Psychedelic Community Divided Over Upcoming Conference in Israel

    At a psychedelics conference in Tel Aviv, Israel, this July, attendees are due to hear talks on topics including “Psychedelics, War and Conflict.” Guests at Psychedelic Medicine Israel are invited to “join us in expanding consciousness in the Middle East.”

    Originally slated for December 2023, the conference was delayed after the Hamas-led attacks of October 7 killed over 1,100 people in southern Israel. Since then, Israel’s ongoing invasion of Gaza has killed more than 33,000 Palestinians, in what observers widely describe as genocide—a charge denied by Israel, but considered “plausible” by the International Court of Justice.

    Fears of a much wider war continue to rise after Iran launched its first ever direct strikes against Israel on April 13, following many previous hostilities, including Israel’s April 1 bombing of Iran’s embassy in Syria.

    The conflict has ignited political divisions around the world, and the psychedelic community is no exception. Consternation over the rescheduled Tel Aviv event, organized by the nonprofit Multidisciplinary Association for Psychedelic Studies (MAPS) Israel, has led several planned speakers to quietly cancel, and many who would have attended have decided against it.

    “There might be a soft boycott,” Dr. Leor Roseman, a neuroscientist at the University of Exeter, who will give a keynote on ayahuasca as a peacebuilding tool at the conference, told Filter.

    Roseman, a conference committee member, said that in the absence of public statements, “It’s hard to know whether those who will not attend really believe in boycotting, or whether they’re part of circles where there is pressure to boycott.”

    Filter understands that the Chacruna Institute for Psychedelic Plant Medicines, a leading psychedelics organization based in California, has pulled out of the event, along with several academics.

    “A conference about healing trauma in the middle of a hurricane of trauma is a good thing.”

    Still, prominent figures are due to attend the region’s only psychedelics conference. They include United States-based MAPS founder Dr. Rick Doblin, a longtime advocate of psychedelic therapy in the context of Israeli-Palestinian conflict.

    “A conference about healing trauma in the middle of a hurricane of trauma is a good thing, and canceling it would not be helpful for promoting better treatment of Palestinians,” Doblin told Filter. MAPS Israel, an organization independent of MAPS, has been “extremely left-wing” in its approach to the situation, he added, and has conducted outreach to Palestinian therapists, some of whom were then trained in psychedelic-assisted therapy.

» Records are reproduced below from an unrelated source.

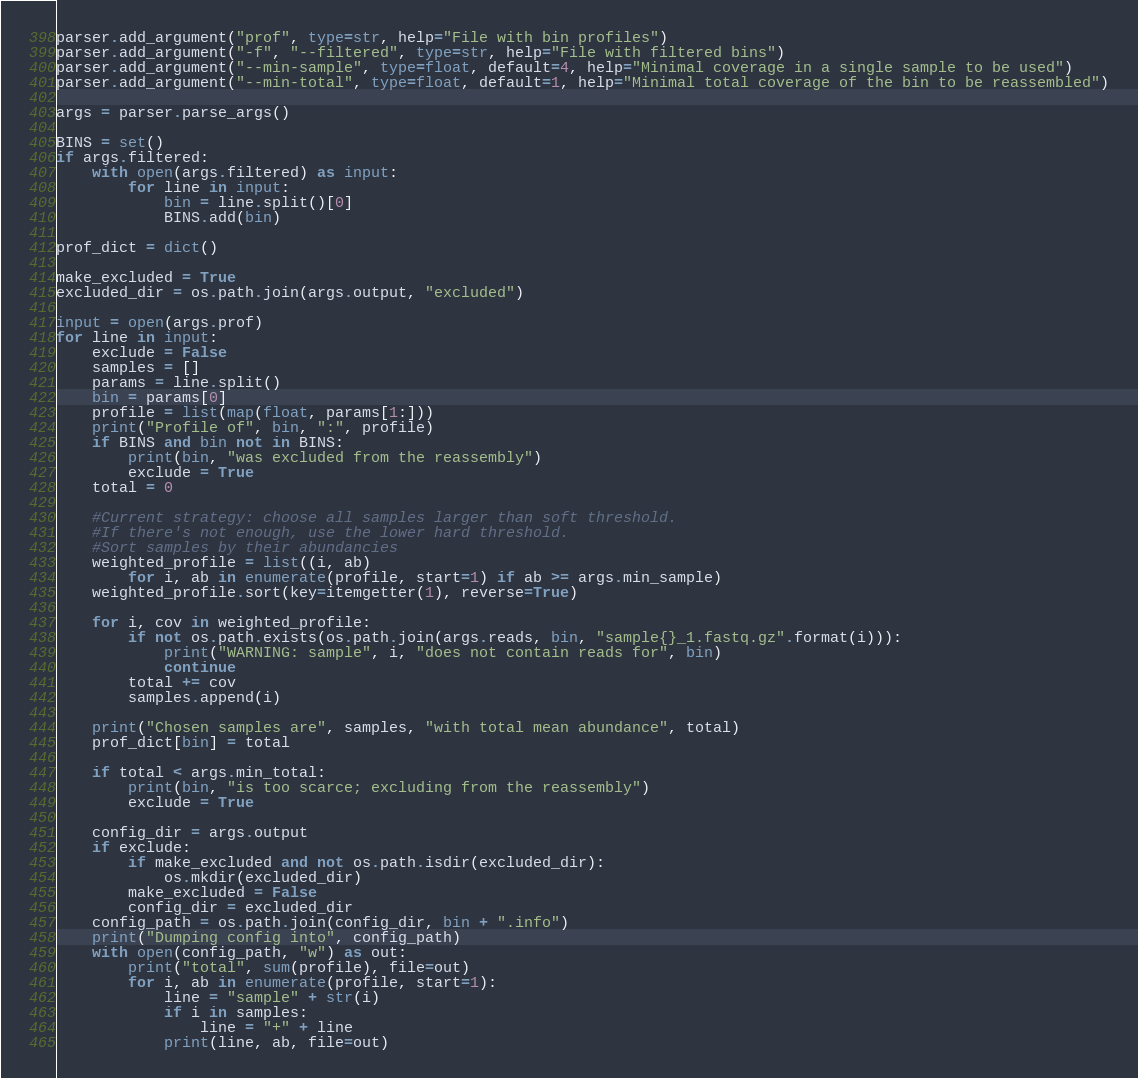<code> <loc_0><loc_0><loc_500><loc_500><_Python_>parser.add_argument("prof", type=str, help="File with bin profiles")
parser.add_argument("-f", "--filtered", type=str, help="File with filtered bins")
parser.add_argument("--min-sample", type=float, default=4, help="Minimal coverage in a single sample to be used")
parser.add_argument("--min-total", type=float, default=1, help="Minimal total coverage of the bin to be reassembled")

args = parser.parse_args()

BINS = set()
if args.filtered:
    with open(args.filtered) as input:
        for line in input:
            bin = line.split()[0]
            BINS.add(bin)

prof_dict = dict()

make_excluded = True
excluded_dir = os.path.join(args.output, "excluded")

input = open(args.prof)
for line in input:
    exclude = False
    samples = []
    params = line.split()
    bin = params[0]
    profile = list(map(float, params[1:]))
    print("Profile of", bin, ":", profile)
    if BINS and bin not in BINS:
        print(bin, "was excluded from the reassembly")
        exclude = True
    total = 0

    #Current strategy: choose all samples larger than soft threshold.
    #If there's not enough, use the lower hard threshold.
    #Sort samples by their abundancies
    weighted_profile = list((i, ab)
        for i, ab in enumerate(profile, start=1) if ab >= args.min_sample)
    weighted_profile.sort(key=itemgetter(1), reverse=True)

    for i, cov in weighted_profile:
        if not os.path.exists(os.path.join(args.reads, bin, "sample{}_1.fastq.gz".format(i))):
            print("WARNING: sample", i, "does not contain reads for", bin)
            continue
        total += cov
        samples.append(i)

    print("Chosen samples are", samples, "with total mean abundance", total)
    prof_dict[bin] = total

    if total < args.min_total:
        print(bin, "is too scarce; excluding from the reassembly")
        exclude = True

    config_dir = args.output
    if exclude:
        if make_excluded and not os.path.isdir(excluded_dir):
            os.mkdir(excluded_dir)
        make_excluded = False
        config_dir = excluded_dir
    config_path = os.path.join(config_dir, bin + ".info")
    print("Dumping config into", config_path)
    with open(config_path, "w") as out:
        print("total", sum(profile), file=out)
        for i, ab in enumerate(profile, start=1):
            line = "sample" + str(i)
            if i in samples:
                line = "+" + line
            print(line, ab, file=out)
</code>

    “I have spoken to people in Gaza and the West Bank,” Doblin said, though without yet finding high-level interest in involvement in psychedelic research. “I’m trying to talk about healing trauma on all sides.”

    In a statement after October 7, MAPS said that while it recognized “psychedelic healing alone will not eradicate conflict and suffering in our world,” it hoped to do its part by focusing on treating trauma while broadly supporting healing and peace. “We facilitate the education of Palestinian and Israeli MDMA therapists, among therapists across the Middle East, and sponsor psychedelic research for individual and group trauma healing, conflict resolution, peacebuilding, and intergenerational healing,” it said.

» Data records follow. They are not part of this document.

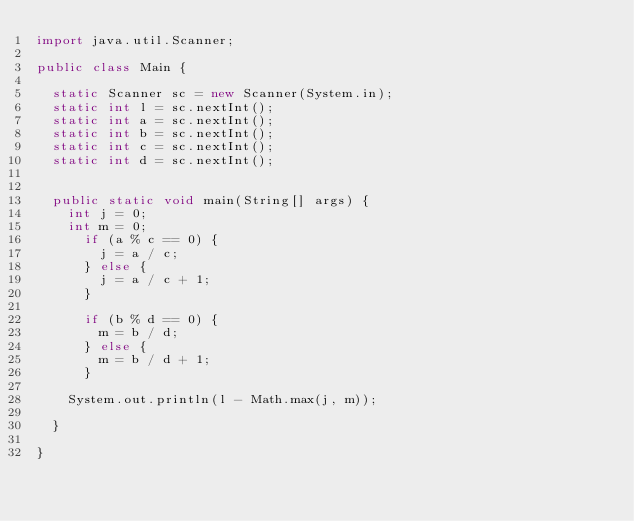<code> <loc_0><loc_0><loc_500><loc_500><_Java_>import java.util.Scanner;

public class Main {

	static Scanner sc = new Scanner(System.in);
	static int l = sc.nextInt();
	static int a = sc.nextInt();
	static int b = sc.nextInt();
	static int c = sc.nextInt();
	static int d = sc.nextInt();


	public static void main(String[] args) {
		int j = 0;
		int m = 0;
			if (a % c == 0) {
				j = a / c;
			} else {
				j = a / c + 1;
			}

			if (b % d == 0) {
				m = b / d;
			} else {
				m = b / d + 1;
			}

		System.out.println(l - Math.max(j, m));

	}

}
</code>

    The centerpiece of those efforts is a potentially groundbreaking new study which would use MDMA-assisted psychotherapy to treat 400 Israeli survivors of October 7, including soldiers, civilians and released hostages. It could begin in the fall, subject to official approvals.

    This research has raised the hopes of advocates who believe that individual and group use of psychedelics like MDMA, known as the “love drug,” can help transform the world for the better. An early version of a website established to fundraise for the MDMA study, which MAPS Israel did not draft, envisaged “a collective celebration of creating peace in the Middle East.”

    “I could not feel good about mingling with colleagues at a 4-star hotel while less than an hour away, children are having bombs rained on them.”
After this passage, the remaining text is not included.